PROGNOSIS AND COMPLICATIONS
Because mitral regurgitation is strongly associated with eventual heart failure regardless of initial LV function, patients must be carefully monitored for this outcome. A 2011 study of patients with secondary mitral regurgitation showed that severity and other comorbidities highly influence prognosis and possible complications.15 Patients with low-to-moderate asymptomatic mitral regurgitation have a very good prognosis, although outcomes vary with severity and patient-specific factors such as increased LV or atrial dimensions, or the development of atrial fibrillation (AF), pulmonary hypertension, or LV dysfunction.3,16 Patients who underwent treatment, whether pharmacologic or surgical, were shown to have much better prognoses, especially in the case of severe disease. AF and stroke are common complications of worsening mitral regurgitation but happen less frequently in patients undergoing treatment.3 (Note that patients who had AF before surgery or who have other risk factors for postoperative dysrhythmia, such as ischemia, hemodynamic shifts, and electrolyte disorders, are more at risk for continued AF after repair or replacement procedures.17)

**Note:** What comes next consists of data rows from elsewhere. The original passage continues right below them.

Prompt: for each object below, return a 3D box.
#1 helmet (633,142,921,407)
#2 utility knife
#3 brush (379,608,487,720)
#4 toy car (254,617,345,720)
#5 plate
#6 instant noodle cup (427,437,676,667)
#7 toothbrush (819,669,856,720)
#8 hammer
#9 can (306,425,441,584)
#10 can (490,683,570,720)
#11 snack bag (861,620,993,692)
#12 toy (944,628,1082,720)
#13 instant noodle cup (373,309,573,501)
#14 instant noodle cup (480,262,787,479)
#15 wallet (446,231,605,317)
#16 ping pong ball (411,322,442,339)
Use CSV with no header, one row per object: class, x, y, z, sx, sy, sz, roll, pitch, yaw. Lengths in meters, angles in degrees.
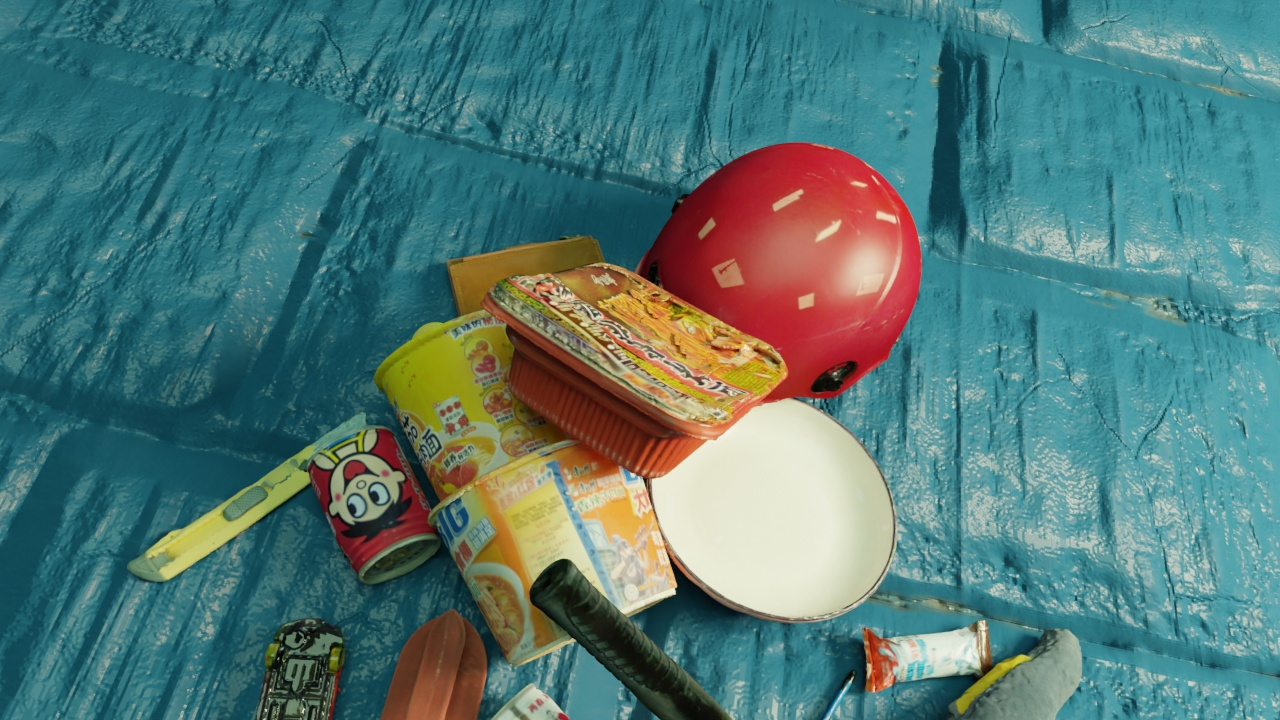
helmet,0.114,-0.080,0.719,0.239,0.144,0.207,-27,69,-28
utility knife,-0.278,0.099,0.669,0.189,0.020,0.031,-36,78,-29
brush,-0.135,0.232,0.581,0.063,0.069,0.145,12,60,-3
toy car,-0.222,0.222,0.596,0.049,0.031,0.106,4,62,-7
plate,0.095,0.110,0.689,0.192,0.039,0.192,7,52,-10
instant noodle cup,-0.051,0.128,0.614,0.151,0.152,0.111,-20,74,-18
toothbrush,0.100,0.286,0.619,0.016,0.014,0.189,37,62,11
hammer,0.045,0.227,0.553,0.301,0.033,0.128,48,59,-17
can,-0.187,0.102,0.647,0.066,0.067,0.093,-24,68,-20
can,-0.042,0.272,0.582,0.133,0.053,0.053,43,64,15
snack bag,0.209,0.215,0.667,0.104,0.026,0.048,1,73,-8
toy,0.220,0.321,0.582,0.138,0.092,0.355,34,59,-22
instant noodle cup,-0.108,0.040,0.660,0.138,0.138,0.109,-19,74,-18
instant noodle cup,-0.004,0.004,0.591,0.164,0.079,0.188,31,23,16
wallet,-0.090,-0.061,0.768,0.130,0.035,0.119,-11,58,-13
ping pong ball,-0.162,-0.010,0.728,0.040,0.040,0.040,4,61,-7
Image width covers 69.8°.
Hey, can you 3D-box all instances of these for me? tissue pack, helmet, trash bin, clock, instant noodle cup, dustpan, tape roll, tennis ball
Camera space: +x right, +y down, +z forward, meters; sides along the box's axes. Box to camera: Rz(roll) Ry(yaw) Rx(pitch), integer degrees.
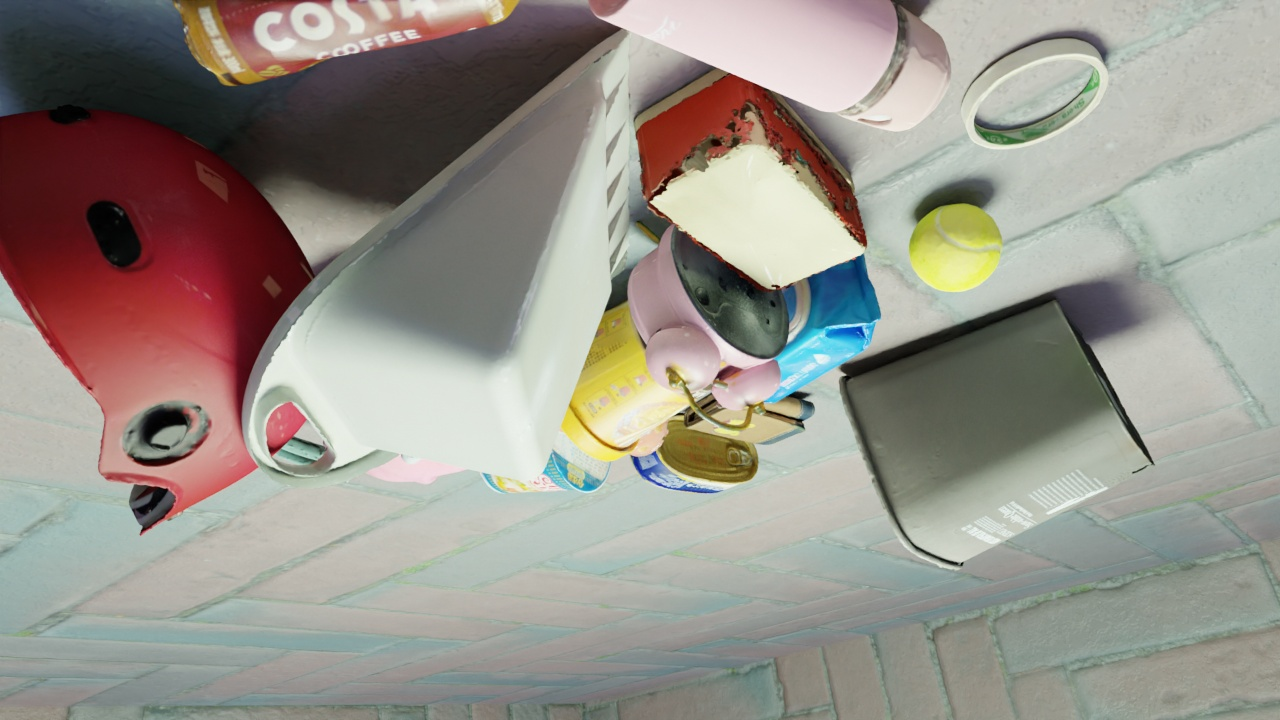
[{"bbox_3d":[0.120,-0.032,0.720,0.052,0.094,0.158,17,145,-31],"label":"tissue pack"},{"bbox_3d":[-0.254,-0.038,0.506,0.143,0.207,0.241,-22,154,-25],"label":"helmet"},{"bbox_3d":[0.349,0.071,0.898,0.220,0.198,0.199,-29,147,26],"label":"trash bin"},{"bbox_3d":[0.049,-0.025,0.642,0.117,0.158,0.060,18,141,-40],"label":"clock"},{"bbox_3d":[-0.100,0.091,0.916,0.110,0.099,0.099,-16,154,32],"label":"instant noodle cup"},{"bbox_3d":[-0.004,0.004,0.743,0.115,0.118,0.118,-31,147,24],"label":"instant noodle cup"},{"bbox_3d":[-0.107,-0.036,0.538,0.143,0.257,0.223,13,154,6],"label":"dustpan"},{"bbox_3d":[0.246,-0.165,0.576,0.086,0.013,0.086,-7,154,-3],"label":"tape roll"},{"bbox_3d":[0.233,-0.083,0.680,0.065,0.065,0.066,-6,154,-3],"label":"tennis ball"}]

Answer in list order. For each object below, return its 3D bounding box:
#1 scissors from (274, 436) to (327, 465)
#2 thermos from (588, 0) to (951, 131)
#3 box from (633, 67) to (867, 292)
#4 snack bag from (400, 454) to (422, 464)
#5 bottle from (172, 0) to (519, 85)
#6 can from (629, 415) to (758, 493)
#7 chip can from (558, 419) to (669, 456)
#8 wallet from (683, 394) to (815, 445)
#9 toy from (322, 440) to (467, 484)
[{"bbox_3d":[-0.318,0.048,0.788,0.170,0.019,0.180,33,146,-28],"label":"scissors"},{"bbox_3d":[0.068,-0.171,0.468,0.198,0.067,0.087,9,-179,-34],"label":"thermos"},{"bbox_3d":[0.077,-0.103,0.583,0.091,0.077,0.168,-23,151,28],"label":"box"},{"bbox_3d":[-0.186,0.019,0.715,0.110,0.038,0.191,-12,132,20],"label":"snack bag"},{"bbox_3d":[-0.115,-0.171,0.412,0.175,0.057,0.057,-11,154,6],"label":"bottle"},{"bbox_3d":[0.060,0.105,1.003,0.148,0.074,0.049,12,150,-35],"label":"can"},{"bbox_3d":[-0.064,0.034,0.826,0.071,0.071,0.214,-26,149,32],"label":"chip can"},{"bbox_3d":[0.116,0.058,0.975,0.115,0.033,0.090,16,146,-33],"label":"wallet"},{"bbox_3d":[-0.209,0.075,0.860,0.178,0.074,0.195,10,154,-11],"label":"toy"}]

Endocarditis is a potential complication of valve repair or replacement. The indication for antibiotic prophylaxis has been greatly reduced according to appropriate guidelines, but remains essential in patients with mitral valve repair or replacement. Proper dental hygiene in conjunction with sterile technique during invasive procedures remains imperative in the prevention of endocarditis.2
PREVENTION AND PATIENT EDUCATION
In general, primary mitral regurgitation is not considered preventable, as it is most often associated with aging. However, appropriate treatment of ischemic heart disease and heart failure can help prevent the advancement of secondary mitral regurgitation due to these causes; prevention of heart disease can prevent secondary mitral regurgitation completely. Providers should treat patients with sore throats quickly, especially patients who test positive for Streptococcus species and need antibiotics to prevent rheumatic fever, a rare cause of mitral regurgitation.2
Because patients with primary mitral regurgitation often are asymptomatic until the disease is severe, they should be told to seek immediate medical attention if they develop sudden onset of new symptoms such as chest pain, shortness of breath, rapid weight gain, or palpitations.6
Tell patients that they may need anticoagulant therapy after valve repair or replacement to prevent formation of dangerous thrombi.2 The necessity, type, and extent of anticoagulation following valve surgery varies depending on the type of valve received. Educate patients about the risks, benefits, and appropriate monitoring of anticoagulation therapy.
The provider also can reassure patients after surgery. At 10 years postoperatively from valve repair, the requirement for reoperation falls below a 5% chance; therefore, fear of recurrence is usually unfounded.
Mitral regurgitation is a moderately prevalent disorder within our population, specifically in older adults, and when left untreated, typically leads to heart failure.18 Many patients would be shocked to hear that their 5-year survival rate is greater with stage 3 colon cancer than with heart failure.19 This knowledge should greatly motivate providers to educate their patients about mitral regurgitation as they would any other serious condition. This can be challenging because most of the early symptoms are largely considered benign. Sometimes the murmur is difficult to auscultate, and unfortunately once heart failure ensues, the survival rate rapidly declines to 50% at 5 years.18
A study by Lindekleiv and colleagues found no benefit in echocardiogram screening the general population.20 Outcomes between the control group and the screening group showed no differences in all-cause mortality, mortality from heart disease, nor incidence of stroke or myocardial infarction. Therefore, early recognition of symptoms is key to improving morbidity and mortality. Further development of repair and replacement devices also should be encouraged; current procedures and treatment decrease complications significantly, but are far from facilitating optimal outcomes at this time.